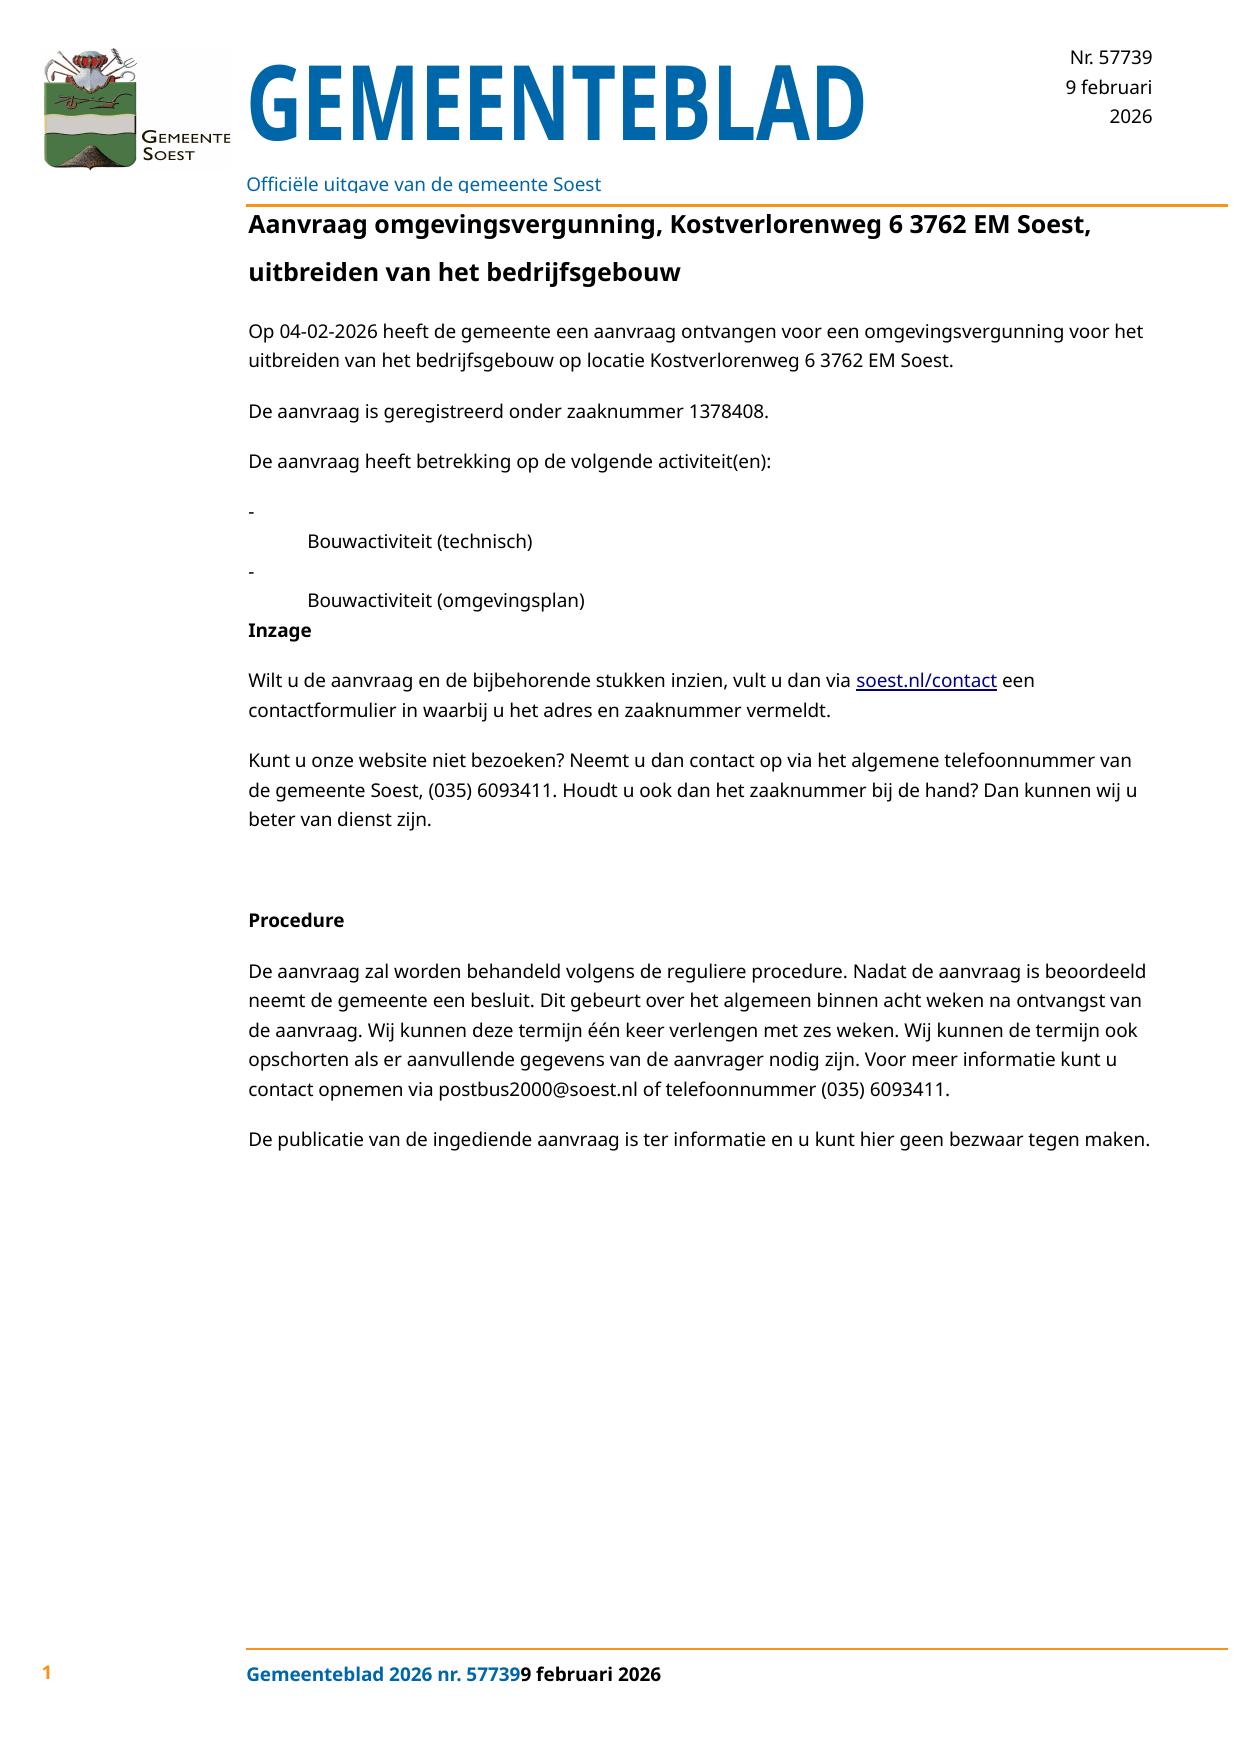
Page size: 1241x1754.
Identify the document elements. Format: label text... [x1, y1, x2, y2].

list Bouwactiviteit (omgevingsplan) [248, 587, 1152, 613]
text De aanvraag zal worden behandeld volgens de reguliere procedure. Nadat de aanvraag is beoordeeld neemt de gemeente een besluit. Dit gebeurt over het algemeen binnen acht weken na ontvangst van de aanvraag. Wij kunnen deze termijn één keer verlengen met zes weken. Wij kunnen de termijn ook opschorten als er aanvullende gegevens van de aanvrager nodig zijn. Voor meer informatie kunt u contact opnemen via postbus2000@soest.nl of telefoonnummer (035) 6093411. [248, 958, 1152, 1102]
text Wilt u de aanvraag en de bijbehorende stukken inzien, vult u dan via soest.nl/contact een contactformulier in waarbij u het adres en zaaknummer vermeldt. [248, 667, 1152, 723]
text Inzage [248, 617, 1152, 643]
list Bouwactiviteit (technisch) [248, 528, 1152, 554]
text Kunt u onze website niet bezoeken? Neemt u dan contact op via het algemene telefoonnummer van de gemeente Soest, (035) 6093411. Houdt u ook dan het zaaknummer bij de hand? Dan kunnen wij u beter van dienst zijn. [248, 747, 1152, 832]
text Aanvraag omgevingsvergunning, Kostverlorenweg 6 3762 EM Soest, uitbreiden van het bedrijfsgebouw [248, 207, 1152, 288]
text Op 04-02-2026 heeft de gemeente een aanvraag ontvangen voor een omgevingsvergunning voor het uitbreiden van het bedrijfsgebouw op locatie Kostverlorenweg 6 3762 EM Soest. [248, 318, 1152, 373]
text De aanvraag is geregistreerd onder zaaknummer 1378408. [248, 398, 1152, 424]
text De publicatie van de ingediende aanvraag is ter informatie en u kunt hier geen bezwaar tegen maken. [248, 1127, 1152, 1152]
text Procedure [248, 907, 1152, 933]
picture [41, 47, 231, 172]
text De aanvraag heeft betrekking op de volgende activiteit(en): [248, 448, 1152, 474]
--- --- ---
# [Task directions]
Retype the records exactly, but skip the pictures.

# [Expected answer]
Page size: 1241x1754.
Identify the document elements. Format: label text... [x1, y1, x2, y2].

list Bouwactiviteit (omgevingsplan) [248, 587, 1152, 613]
text De aanvraag zal worden behandeld volgens de reguliere procedure. Nadat de aanvraag is beoordeeld neemt de gemeente een besluit. Dit gebeurt over het algemeen binnen acht weken na ontvangst van de aanvraag. Wij kunnen deze termijn één keer verlengen met zes weken. Wij kunnen de termijn ook opschorten als er aanvullende gegevens van de aanvrager nodig zijn. Voor meer informatie kunt u contact opnemen via postbus2000@soest.nl of telefoonnummer (035) 6093411. [248, 958, 1152, 1102]
text Wilt u de aanvraag en de bijbehorende stukken inzien, vult u dan via soest.nl/contact een contactformulier in waarbij u het adres en zaaknummer vermeldt. [248, 667, 1152, 723]
text Inzage [248, 617, 1152, 643]
list Bouwactiviteit (technisch) [248, 528, 1152, 554]
text Kunt u onze website niet bezoeken? Neemt u dan contact op via het algemene telefoonnummer van de gemeente Soest, (035) 6093411. Houdt u ook dan het zaaknummer bij de hand? Dan kunnen wij u beter van dienst zijn. [248, 747, 1152, 832]
text Aanvraag omgevingsvergunning, Kostverlorenweg 6 3762 EM Soest, uitbreiden van het bedrijfsgebouw [248, 207, 1152, 288]
text Op 04-02-2026 heeft de gemeente een aanvraag ontvangen voor een omgevingsvergunning voor het uitbreiden van het bedrijfsgebouw op locatie Kostverlorenweg 6 3762 EM Soest. [248, 318, 1152, 373]
text De aanvraag is geregistreerd onder zaaknummer 1378408. [248, 398, 1152, 424]
text De publicatie van de ingediende aanvraag is ter informatie en u kunt hier geen bezwaar tegen maken. [248, 1127, 1152, 1152]
text Procedure [248, 907, 1152, 933]
picture [41, 47, 231, 172]
text De aanvraag heeft betrekking op de volgende activiteit(en): [248, 448, 1152, 474]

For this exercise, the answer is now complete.